Он родился в Бруксвилле, штат Мэн, 14 мая 1823 года. Его назвали Дэвидом в честь отца и Этвудом в честь мисс Гарриет Этвуд, проповедницы и миссионерки, которая в то время была преданным другом его матери, — и говорили, что Уоссон приписывал свою необычайную умственную активность во многом ее влиянию. Его мать умерла, когда он был еще слишком мал, чтобы помнить ее, но ее место, к счастью, заняла добрая и разумная мачеха; это не такое уж редкое явление, как думают некоторые. Его отец принадлежал к классу людей, которых можно встретить только на побережье Мэна, — они одновременно рыбаки, фермеры и мореходы; это гораздо более интеллигентный и культурный класс, чем сельскохозяйственное население внутренних районов. Путешествие на паруснике среди островов от Рокленда до Маунт-Дезерт прекрасно, и самая приятная его часть, по крайней мере для меня, — это вид ухоженных ферм с красивым скотом и чисто выстриженными сенокосными лугами, которые тянутся вдоль побережья. Наши лучшие кораблестроители вышли из среды этих людей.

Бруксвилл — это редко разбросанное поселение на западной стороне скалистого и даже гористого полуострова. Глубокий и узкий пролив отделяет его от Кастина, который приходится пересекать на пароме. Дом Дэвида Уоссона-старшего находится чуть более чем в полумиле от паромной переправы; это большой, вместительный двухэтажный дом, гораздо лучше среднего фермерского дома, с двумя большими амбарами и многочисленными хозяйственными постройками. Между ним и дорогой находится фруктовый сад, а с одной стороны — крытая веранда или терраса. К западу от него протекает форелевый ручей, за ним — еловая роща, а вдали виднеются синие холмы Камдена. С южной стороны море подступает к самому краю фермы, а дорога на Седжвик вьется вокруг гряды на востоке. Это было подходящее место рождения для поэта или художника.

Он оставил нам ценный и совершенно уникальный очерк своего раннего детства, [Сноска: Эссе, религиозные, социальные, политические. Д. А. Уоссон. Бостон: Ли и Шепард.], в котором признается, что был чувствительным, возбудимым и страстным маленьким малым, которого более хладнокровные и флегматичные сверстники могли дразнить и мучить в свое удовольствие. Поскольку он также был очень горяч, это неизбежно приводило к множеству драк, и из естественно мирного и нежного ребенка он в конце концов превратился в самого известного драчуна в округе. Говорят, что в семнадцать лет он мог разбить кулаком дверную филенку. То, что он не любил работать на ферме, неудивительно. Физический труд вреден для мальчиков физически и умственно; и их следует беречь от него, за исключением, пожалуй, сезонов сенокоса или сбора урожая, насколько это возможно. В остальном он был скромным, порядочным, правдивым и лучшим учеником, которого когда-либо знали в окрестностях Кастина. Его отец признавал его выдающиеся способности и приложил усилия, чтобы отправить его в колледж Боудин.

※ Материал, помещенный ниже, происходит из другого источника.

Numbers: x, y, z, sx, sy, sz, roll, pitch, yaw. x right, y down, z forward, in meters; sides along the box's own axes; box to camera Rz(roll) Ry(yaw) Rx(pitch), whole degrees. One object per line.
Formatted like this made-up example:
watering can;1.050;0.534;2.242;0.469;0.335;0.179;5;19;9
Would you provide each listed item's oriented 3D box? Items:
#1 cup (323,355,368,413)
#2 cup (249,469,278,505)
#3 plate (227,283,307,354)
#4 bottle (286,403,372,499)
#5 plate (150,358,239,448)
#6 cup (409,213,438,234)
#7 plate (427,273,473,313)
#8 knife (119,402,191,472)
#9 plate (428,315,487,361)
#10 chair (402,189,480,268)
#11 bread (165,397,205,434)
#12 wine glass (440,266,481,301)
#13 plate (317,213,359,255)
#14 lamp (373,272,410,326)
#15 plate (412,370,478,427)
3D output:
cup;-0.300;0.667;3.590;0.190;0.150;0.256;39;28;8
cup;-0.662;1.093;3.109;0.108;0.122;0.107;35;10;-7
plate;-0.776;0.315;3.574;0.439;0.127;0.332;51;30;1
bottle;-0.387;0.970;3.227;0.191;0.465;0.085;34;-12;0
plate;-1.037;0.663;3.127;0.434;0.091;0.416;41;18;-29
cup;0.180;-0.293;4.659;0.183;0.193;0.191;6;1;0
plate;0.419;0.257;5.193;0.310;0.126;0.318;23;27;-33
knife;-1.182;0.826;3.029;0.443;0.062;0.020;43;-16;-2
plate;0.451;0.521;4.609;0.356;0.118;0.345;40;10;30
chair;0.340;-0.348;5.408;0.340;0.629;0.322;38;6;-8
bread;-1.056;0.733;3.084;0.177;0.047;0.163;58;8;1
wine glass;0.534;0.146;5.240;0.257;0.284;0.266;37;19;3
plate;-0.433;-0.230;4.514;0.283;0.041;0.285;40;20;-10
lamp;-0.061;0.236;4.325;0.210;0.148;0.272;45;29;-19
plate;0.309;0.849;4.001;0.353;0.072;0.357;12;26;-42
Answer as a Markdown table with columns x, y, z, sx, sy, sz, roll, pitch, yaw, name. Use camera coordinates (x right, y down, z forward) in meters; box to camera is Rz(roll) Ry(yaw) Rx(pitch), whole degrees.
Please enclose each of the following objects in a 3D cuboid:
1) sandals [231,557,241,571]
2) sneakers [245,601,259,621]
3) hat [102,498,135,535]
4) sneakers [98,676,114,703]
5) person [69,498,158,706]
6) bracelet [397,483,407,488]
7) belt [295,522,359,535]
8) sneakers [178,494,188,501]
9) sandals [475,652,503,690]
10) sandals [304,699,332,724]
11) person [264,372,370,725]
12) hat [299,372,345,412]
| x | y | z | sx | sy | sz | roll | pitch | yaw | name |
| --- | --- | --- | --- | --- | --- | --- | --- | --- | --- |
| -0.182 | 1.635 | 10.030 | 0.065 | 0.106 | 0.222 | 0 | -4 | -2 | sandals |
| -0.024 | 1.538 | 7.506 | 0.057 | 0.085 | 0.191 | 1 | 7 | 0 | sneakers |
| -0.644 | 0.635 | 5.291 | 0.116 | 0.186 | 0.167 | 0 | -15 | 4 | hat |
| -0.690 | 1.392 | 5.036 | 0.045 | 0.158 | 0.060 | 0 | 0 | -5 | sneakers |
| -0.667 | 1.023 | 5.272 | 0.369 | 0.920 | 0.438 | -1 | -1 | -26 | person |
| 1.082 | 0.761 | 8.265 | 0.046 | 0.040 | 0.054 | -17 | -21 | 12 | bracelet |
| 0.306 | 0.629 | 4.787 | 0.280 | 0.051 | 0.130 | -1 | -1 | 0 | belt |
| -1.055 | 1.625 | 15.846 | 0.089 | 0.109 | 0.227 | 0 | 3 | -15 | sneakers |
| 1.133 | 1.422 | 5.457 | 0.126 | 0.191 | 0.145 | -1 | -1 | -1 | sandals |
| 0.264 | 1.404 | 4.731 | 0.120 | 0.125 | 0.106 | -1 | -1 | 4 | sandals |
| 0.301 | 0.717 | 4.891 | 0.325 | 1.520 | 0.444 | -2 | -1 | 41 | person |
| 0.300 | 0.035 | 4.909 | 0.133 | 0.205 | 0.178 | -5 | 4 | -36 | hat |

Однако на пути было много препятствий, и он поступил туда только в 1845 году. Он никогда не рассказывал мне много о своей студенческой жизни. Он был старше своих товарищей и серьезнее. Легкого духа, который делает жизнь радостным праздником для многих, в нем не было. О миртах и плющах сладких двадцати двух лет он ничего не знал. Он отличился в математике (особенно в геометрии, которая является самой логичной из наук) и в студенческих дискуссионных обществах. Он также был отличным гимнастом.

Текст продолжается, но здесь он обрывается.